# Single cam draw Stop "Mathews Triumph"- Video from ArcherylessonsOnline.com!



## adam Guggisberg (Jan 28, 2003)

Bump it if you like it!


----------



## AmishArcher (Feb 6, 2008)

got a good thing going there, Adam. Keep it to the top


----------



## smakdown (Dec 9, 2005)

what a great idea!


----------



## PAFD ARCHER (Jan 31, 2008)

Ttt good tip


----------



## Hanover Hydro (Jan 24, 2010)

Nice!! I am going to setup my Apex 7 like that.


----------



## adam Guggisberg (Jan 28, 2003)

Hanover Hydro said:


> Nice!! I am going to setup my Apex 7 like that.


Let me know how it turns out for you!

-Adam


----------



## DannyB (Feb 19, 2005)

Hanover Hydro said:


> Nice!! I am going to setup my Apex 7 like that.


I think I'm missing something. I can see this working with cable slide, but how would you do that with a roller guard that comes with the A7?


----------



## adam Guggisberg (Jan 28, 2003)

DannyB said:


> I think I'm missing something. I can see this working with cable slide, but how would you do that with a roller guard that comes with the A7?


Yes, you are correct. Good point.. I have not tested this with a roller guard, but in theory it should still work.

You may need to use the larger RED lined brass nock sets with the roller guard.

I do not have a roller guard bow available currently to test with. 

If someone can test this with a roller guard & provide feedback, I will give the first person to do so a 1 month free membership to the website.

-Adam


----------



## red44 (Apr 11, 2005)

Nice tip to try, thankyou.


----------



## dw'struth (Mar 14, 2008)

Nice work!! I would really like to know how to put a stop on my Dren LD with a roller guard.


----------



## adam Guggisberg (Jan 28, 2003)

dw'struth said:


> Nice work!! I would really like to know how to put a stop on my Dren LD with a roller guard.

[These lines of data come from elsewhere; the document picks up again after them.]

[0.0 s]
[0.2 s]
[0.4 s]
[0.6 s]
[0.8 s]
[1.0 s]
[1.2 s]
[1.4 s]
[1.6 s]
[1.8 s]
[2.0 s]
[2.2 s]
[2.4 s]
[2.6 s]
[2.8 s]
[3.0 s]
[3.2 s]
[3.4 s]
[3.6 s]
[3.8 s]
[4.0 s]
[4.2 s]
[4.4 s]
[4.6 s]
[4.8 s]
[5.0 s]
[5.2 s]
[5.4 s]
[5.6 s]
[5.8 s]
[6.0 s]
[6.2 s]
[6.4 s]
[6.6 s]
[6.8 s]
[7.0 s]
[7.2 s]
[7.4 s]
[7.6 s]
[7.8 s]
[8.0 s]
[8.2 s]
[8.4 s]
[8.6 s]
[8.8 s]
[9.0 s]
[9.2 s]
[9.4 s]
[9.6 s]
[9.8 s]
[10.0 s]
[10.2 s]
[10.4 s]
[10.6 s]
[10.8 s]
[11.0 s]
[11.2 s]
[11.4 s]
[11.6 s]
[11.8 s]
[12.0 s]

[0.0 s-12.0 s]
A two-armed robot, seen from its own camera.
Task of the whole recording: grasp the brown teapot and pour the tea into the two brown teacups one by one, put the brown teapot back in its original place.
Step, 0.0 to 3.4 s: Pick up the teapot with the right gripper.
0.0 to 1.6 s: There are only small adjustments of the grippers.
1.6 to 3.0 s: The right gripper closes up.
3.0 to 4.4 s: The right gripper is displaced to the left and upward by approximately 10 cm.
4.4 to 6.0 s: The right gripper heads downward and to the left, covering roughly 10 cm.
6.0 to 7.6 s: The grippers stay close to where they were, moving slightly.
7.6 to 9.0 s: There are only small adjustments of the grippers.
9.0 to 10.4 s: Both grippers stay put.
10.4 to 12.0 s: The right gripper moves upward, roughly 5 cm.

With the Drenalin, I have typically installed a peg onto the cam itself. I am waiting for someone to test this with a roller guard. My thoughts are that it will work as long as you use the larger red lined brass nock sets. It needs to be tested however.

-Adam


----------



## upserman (Oct 13, 2006)

adam Guggisberg said:


> With the Drenalin, I have typically installed a peg onto the cam itself.
> 
> -Adam


//

How did you do this???


----------



## adam Guggisberg (Jan 28, 2003)

upserman said:


> //
> 
> How did you do this???


The problem is that it's different for each different draw length cam. I custom built 1 for a 26" DL cam, but that cam was well suited to accept a draw stop. 

I used an adjustable eccentic draw stop that hit the string stopper brace. Depending on the cam, I often need to fabricate a bracket onto the cam to accept the draw stop. 

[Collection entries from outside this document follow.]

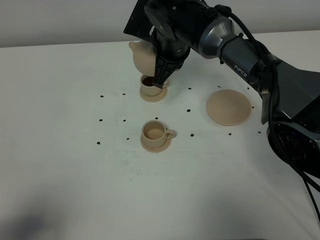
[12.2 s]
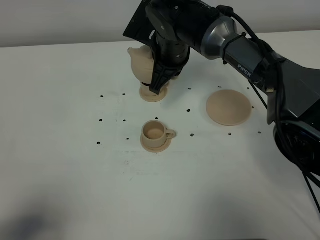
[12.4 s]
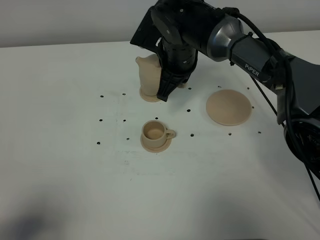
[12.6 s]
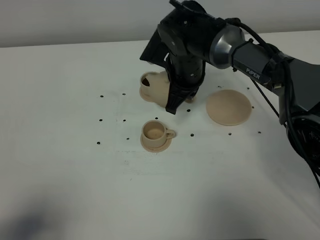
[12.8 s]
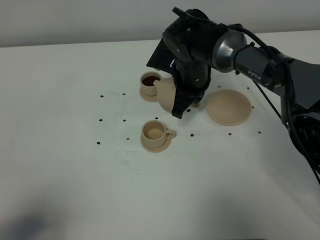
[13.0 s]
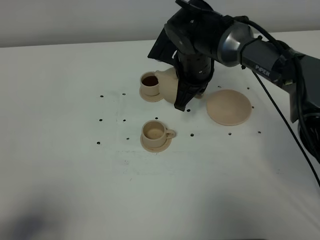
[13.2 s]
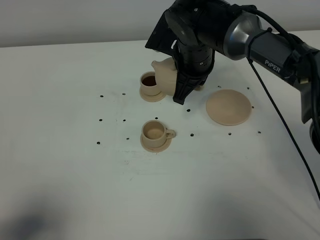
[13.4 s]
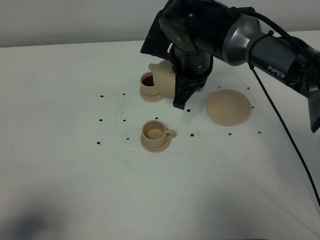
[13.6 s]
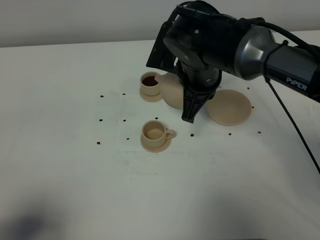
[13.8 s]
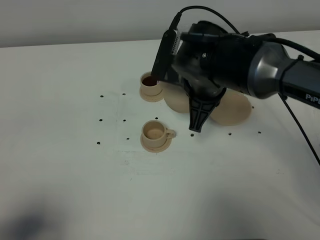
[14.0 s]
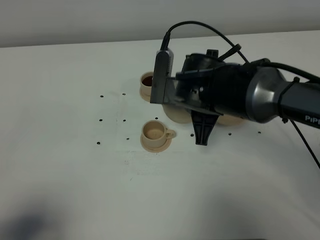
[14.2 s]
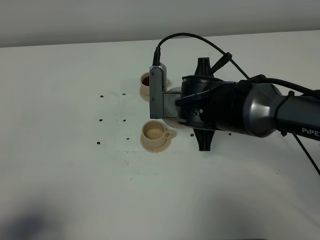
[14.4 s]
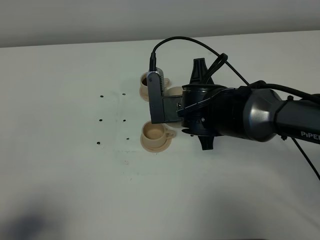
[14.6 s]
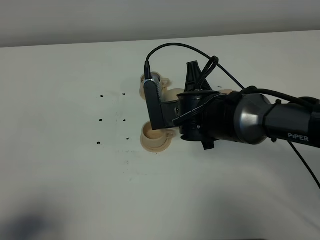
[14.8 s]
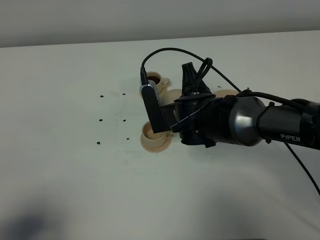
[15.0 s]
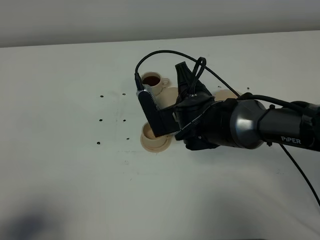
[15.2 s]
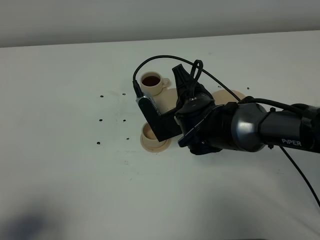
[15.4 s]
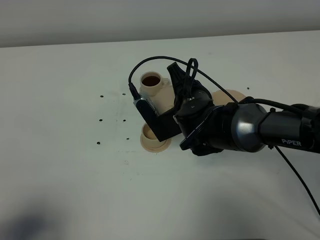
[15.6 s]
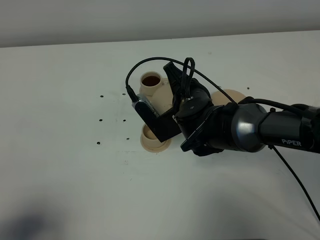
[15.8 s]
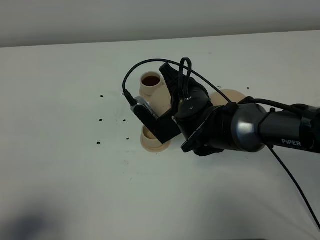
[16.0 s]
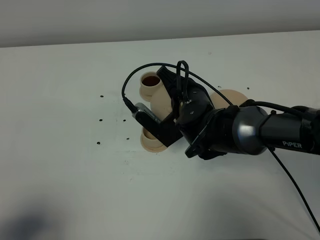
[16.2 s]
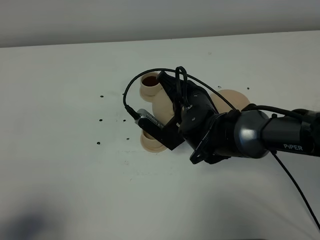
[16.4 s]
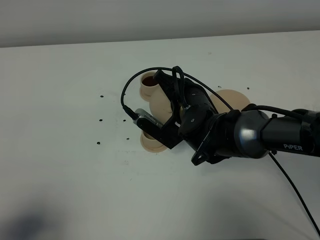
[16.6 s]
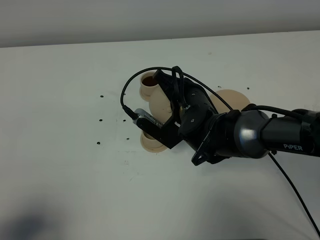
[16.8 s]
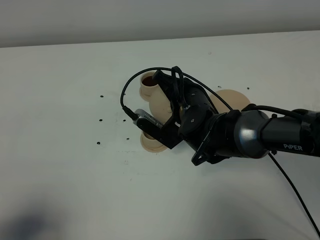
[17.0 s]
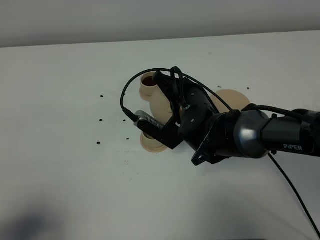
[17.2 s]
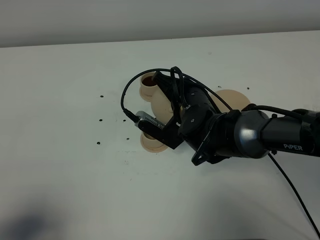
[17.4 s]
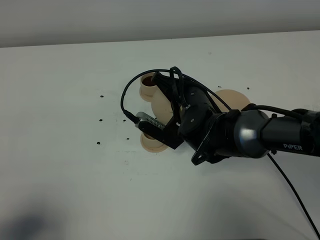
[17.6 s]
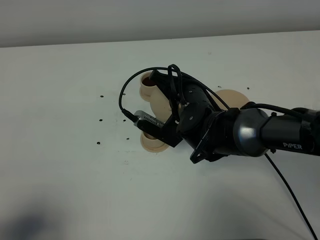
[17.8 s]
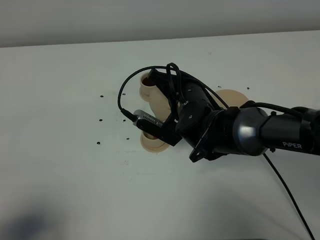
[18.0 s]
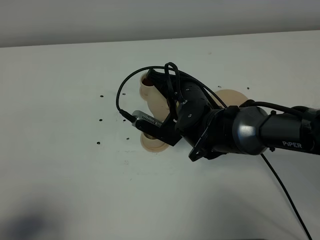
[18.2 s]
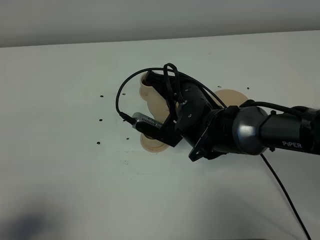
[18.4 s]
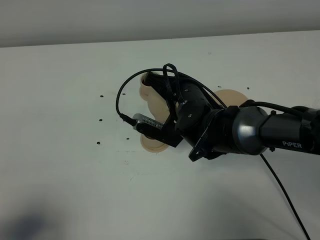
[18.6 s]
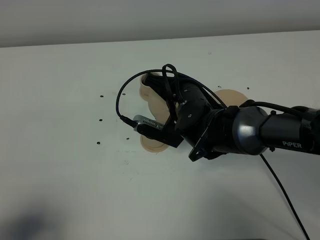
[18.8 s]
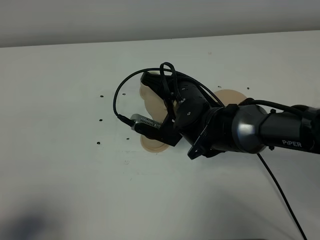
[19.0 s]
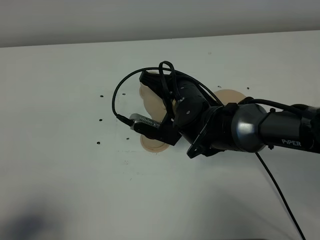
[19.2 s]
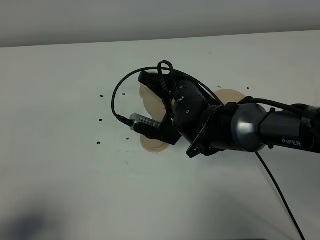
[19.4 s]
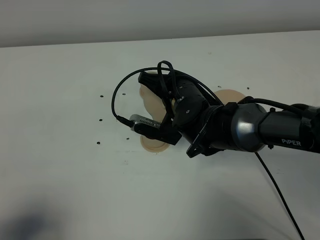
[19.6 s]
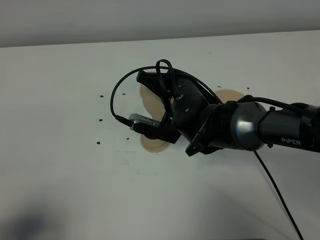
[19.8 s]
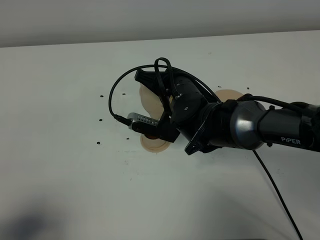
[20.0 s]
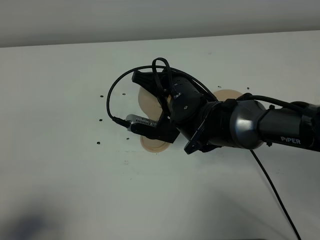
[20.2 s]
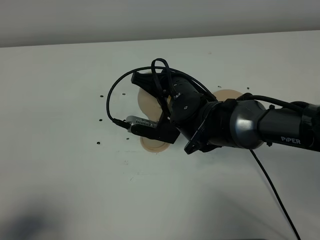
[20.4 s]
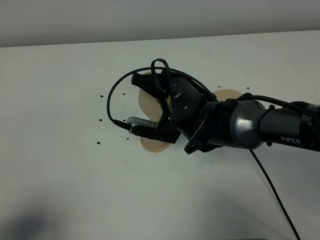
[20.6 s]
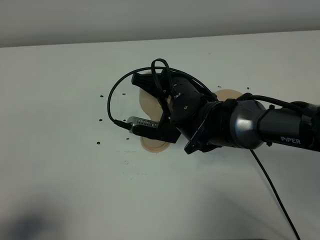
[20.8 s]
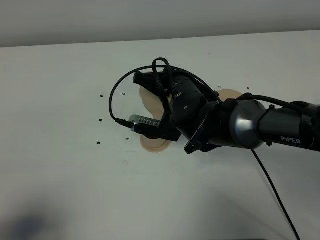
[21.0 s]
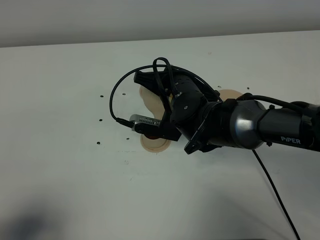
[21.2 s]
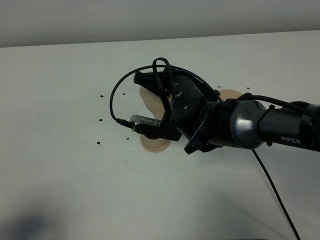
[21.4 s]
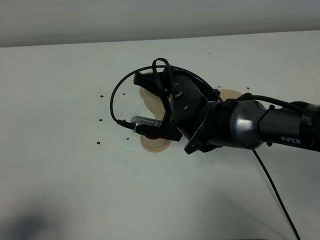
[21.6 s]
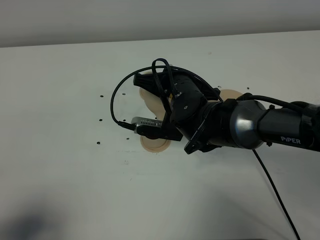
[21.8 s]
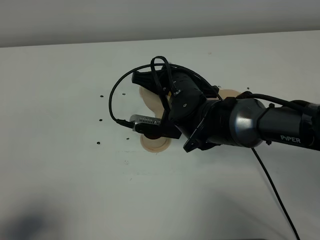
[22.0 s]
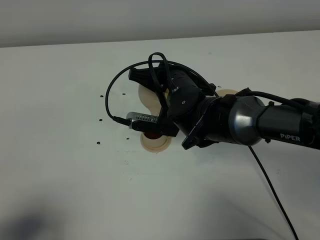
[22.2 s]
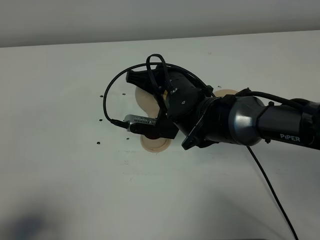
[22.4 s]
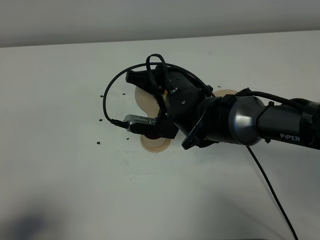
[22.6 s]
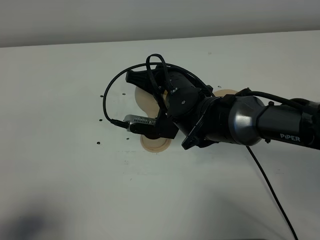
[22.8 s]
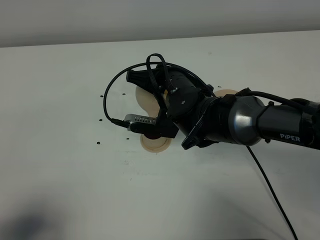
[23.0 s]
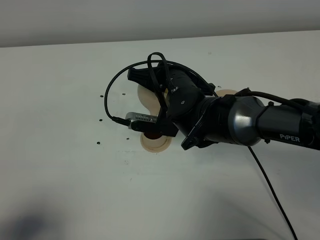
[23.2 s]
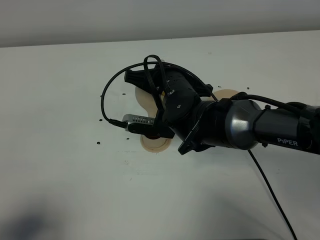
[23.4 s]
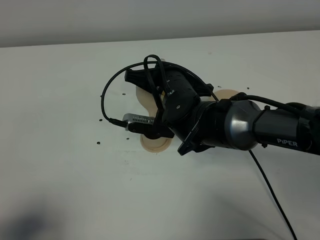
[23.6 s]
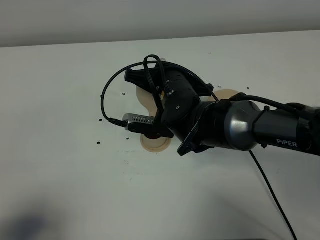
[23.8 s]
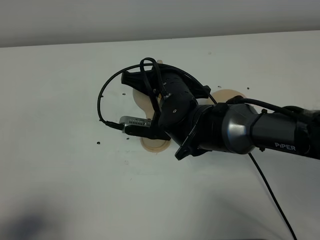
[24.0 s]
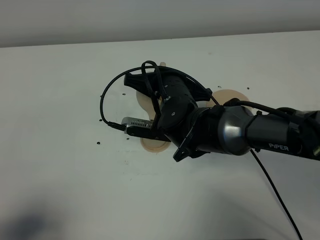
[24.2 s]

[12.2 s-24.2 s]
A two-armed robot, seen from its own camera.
Task of the whole recording: grasp the brown teapot and pour the tea into the two brown teacups one by one, put the brown teapot back in its original place.
12.2 to 13.8 s: The right gripper shifts roughly 10 cm backward.
13.8 to 15.2 s: The right gripper moves downward, approximately 10 cm.
16.6 to 19.8 s: The grippers move only a little.
19.8 to 21.2 s: The grippers make only small movements.
21.2 to 22.6 s: Both grippers stay put.
22.6 to 24.2 s: The grippers stay close to where they were, moving slightly.

Mini Max cams are the easiest to do, followed by Max Cam which requires fabrication.

-Adam


----------



## BG33 (Dec 5, 2008)

I also have an LD. I wonder if you could use something different on the cable to use with the roller guard. I'd like to experiment with it, but I'm afraid I'll mess something up. Anybody got any ideas of what to use?


----------



## PAFD ARCHER (Jan 31, 2008)

*Awesome!!!!*

I did this to my pse shark and all i can say is wow!!! I now have a very solid wall. As for using this on a roller gaurd setup. Try using a kisser button clamped on the bottom and try it out. Just cut the top of the button off and do the rest of the process. Hows that for an idea adam g?


----------



## adam Guggisberg (Jan 28, 2003)

PAFD ARCHER said:


> I did this to my pse shark and all i can say is wow!!! I now have a very solid wall. As for using this on a roller gaurd setup. Try using a kisser button clamped on the bottom and try it out. Just cut the top of the button off and do the rest of the process. Hows that for an idea adam g?


I think the kisser button is too pliable to act as a solid stop. 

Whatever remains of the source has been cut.